“I’m sure glad I didn’t raise me any girls… Who knows how they’da turned out!”
During the Depression, notorious gangster ‘Ma’ Barker (Shelley Winters) leads her four grown sons (Don Stroud, Clint Kimbrough, Robert De Niro, and Robert Walden) on a deadly crime spree across the Ozarks.
Bloody Mama — one of the last films directed by famed B-movie producer Roger Corman — is widely acknowledged as one of his best, and remains a bizarrely compelling cult favorite. Loosely based on the exploits of Kate ‘Ma’ Barker and her sons, Bloody Mama is a surprisingly complex — albeit entirely “imagined” — interpretation of this infamous clan’s warped existence. The film opens with a disturbing scene of young Barker (Lisa Jill) being raped in the forest by her father and brothers, thus establishing the ethos that in the backwoods Barker family, “blood is thicker than water”; immediately afterward, we see ‘Ma’ Barker (Winters) bathing her grown sons, and are quickly made to understand that she holds a firm matriarchal grip over them, both psychologically (her word is God) and sexually (she sleeps with her sons at will). In response, each son is uniquely neurotic: Stroud (the oldest) is uncontrollably violent and Oedipally obsessed with his long lost father; Walden is meekly dominated by his jailhouse lover (Bruce Dern, gleefully psychotic in a bit role); Kimbrough is a religious fanatic; and De Niro (film fanatics take note!) is a loopy coke fiend.
Corman, working with a slightly higher budget than usual, does an admirable job recreating the Depression era exploits of the Barkers, who — much like Bonnie Parker and Clyde Barrow — became notorious celebrities in their day. But the Barkers’ criminal misadventures ultimately take a backseat to the more fascinating saga of their bizarrely dysfunctional family dynamics, which eventually — perhaps inevitably — precipitate their fatal undoing. Winters (100% invested in her role; she’s perfectly cast here) is the glue that holds this perverted household together; but when she starts ordering the deaths of innocent hostages — first a vivacious young swimmer (Pamela Dunlap) who flirts (at her own unknowing peril) with De Niro, then a compellingly decent millionaire (Pat Hingle) who’s been kidnapped for ransom — her children finally begin to realize that Mommy doesn’t always know best.
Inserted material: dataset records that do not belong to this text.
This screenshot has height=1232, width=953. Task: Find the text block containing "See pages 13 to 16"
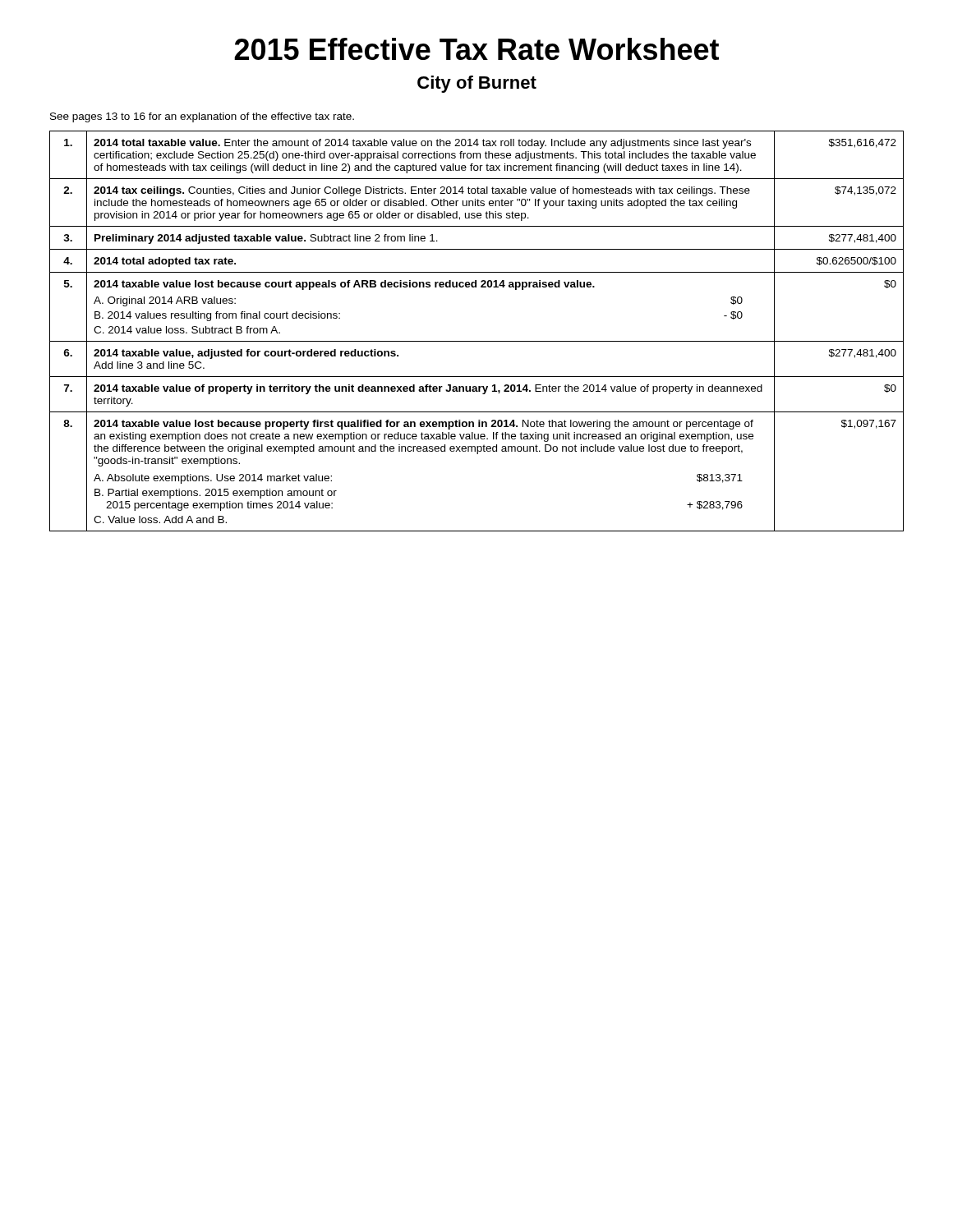(202, 116)
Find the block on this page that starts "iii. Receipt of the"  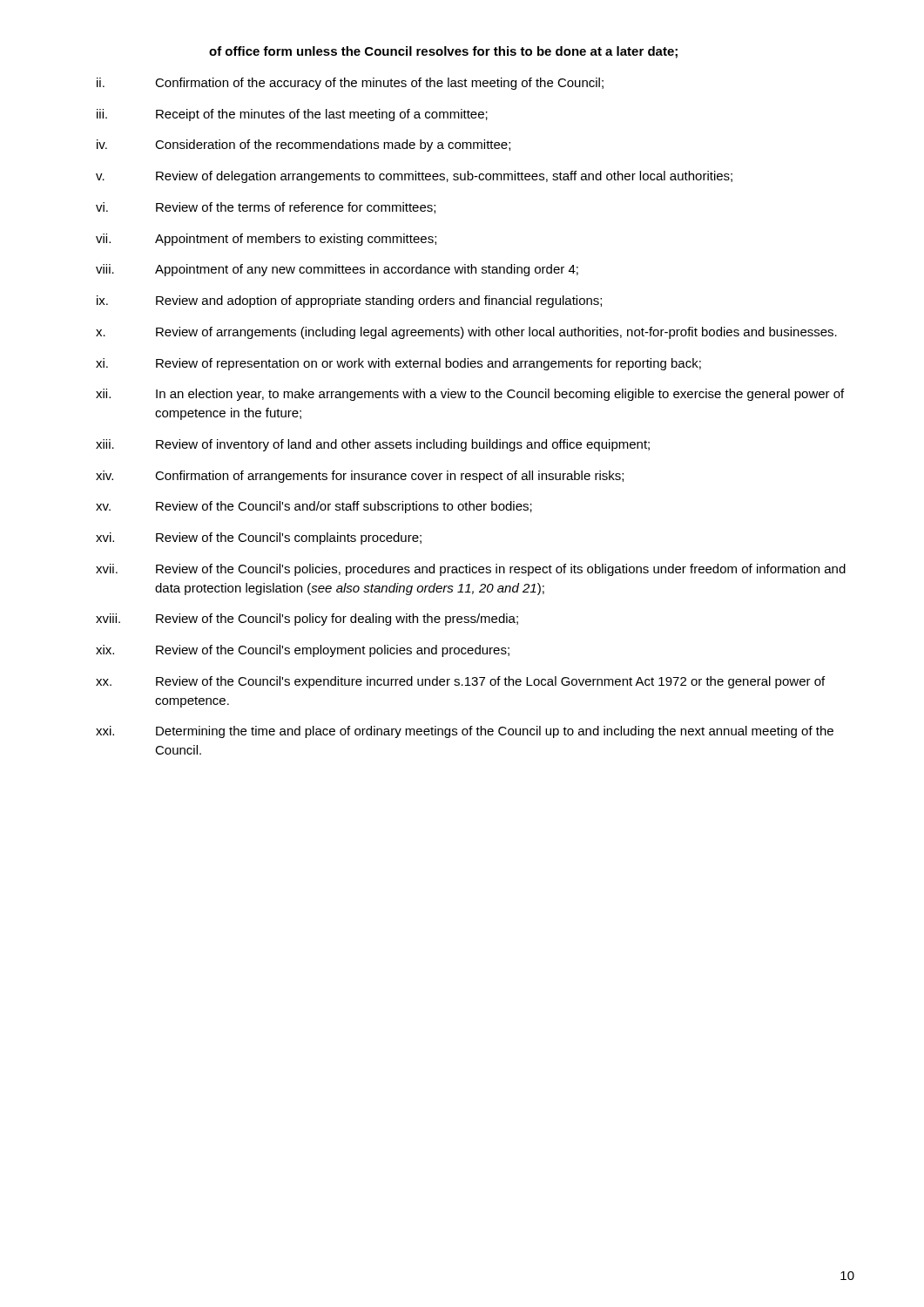475,114

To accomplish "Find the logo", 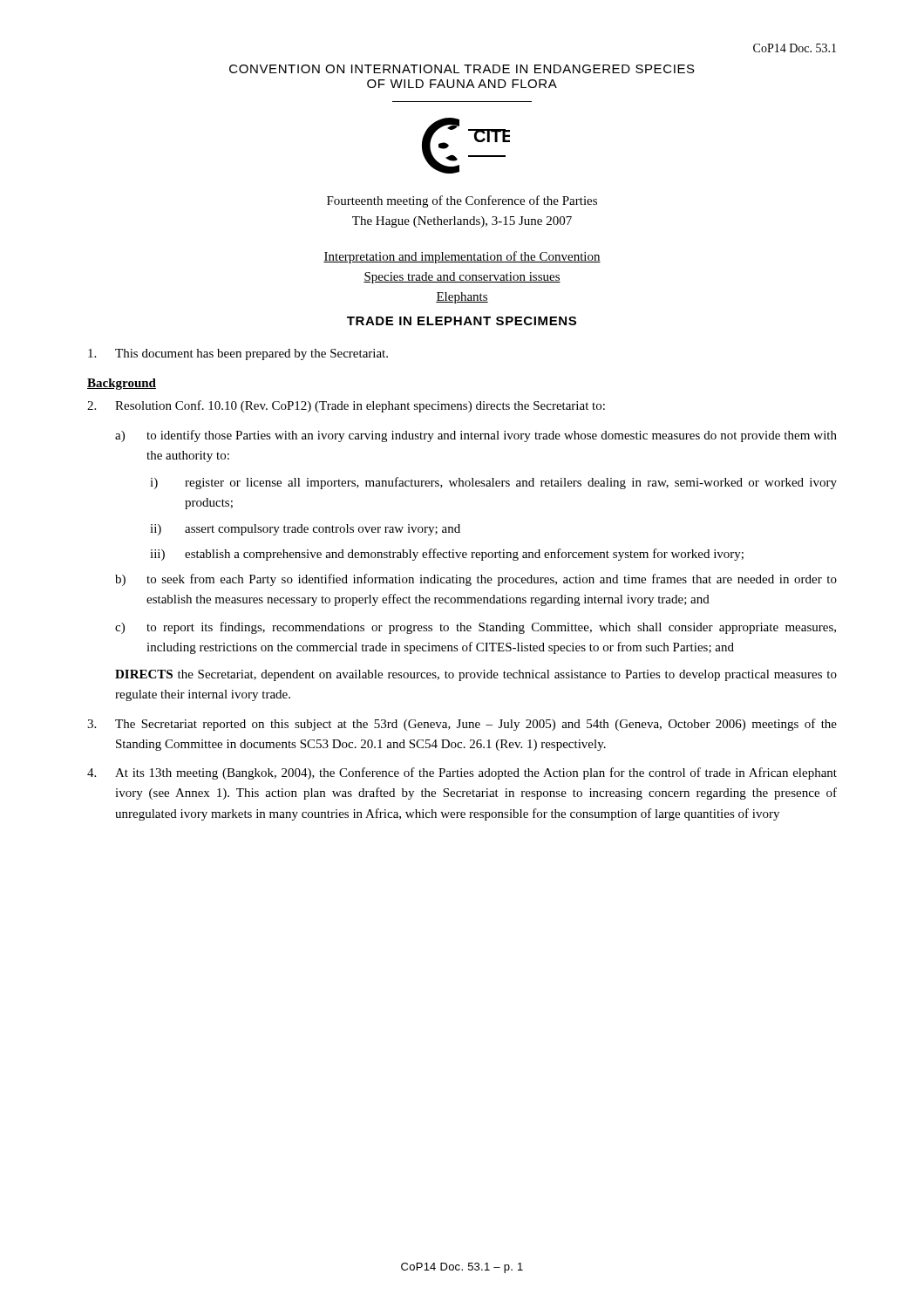I will point(462,146).
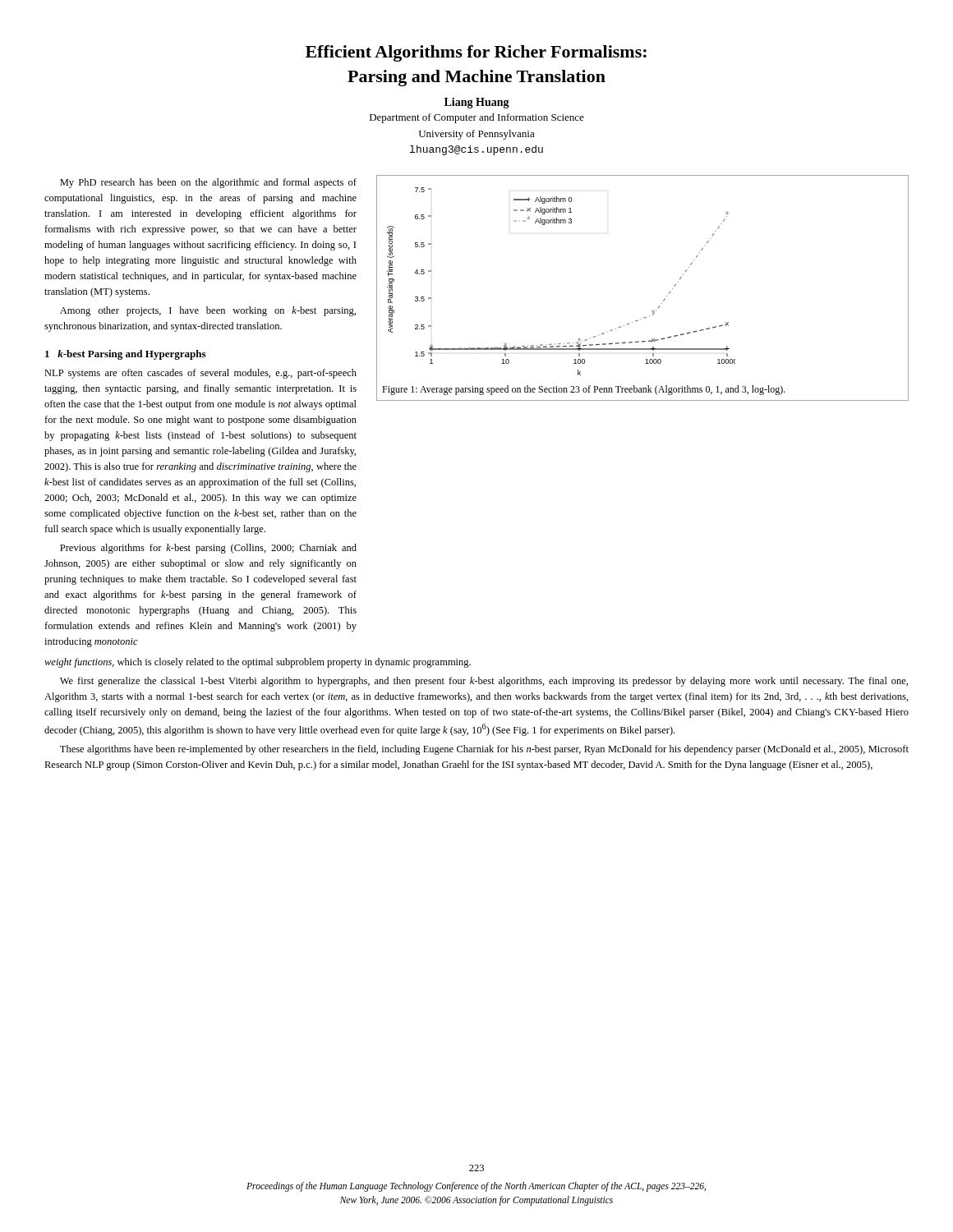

Alas, by this point it’s too late for any genuine redemption to come to the Barker clan — so bloodthirsty audiences can rest assured that a riveting denouement lies in wait.
P.S. In a 1970 interview with Sight and Sound magazine, Corman himself acknowledged that comparisons with the previous year’s cult hit Bonnie and Clyde were inevitable, but noted that his approach “was not to romanticize or glorify, but to stay closer to what I felt the reality was.” While Bonnie and Clyde is clearly the superior film in many ways, the two movies ultimately rest upon their own unique merits.
Redeeming Qualities and Moments:
- Shelley Winters as Ma Barker
- Pat Hingle as Sam Pendlebury, the millionaire hostage
- Don Stroud as Herman Barker
- Robert De Niro as Lloyd Barker
- Pamela Dunlap as “Rembrandt” (the ill-fated young swimmer encountered by De Niro
Yes, as one of Corman’s best pictures, and a cult favorite. Listed as a Cult Movie in the back of Peary’s book.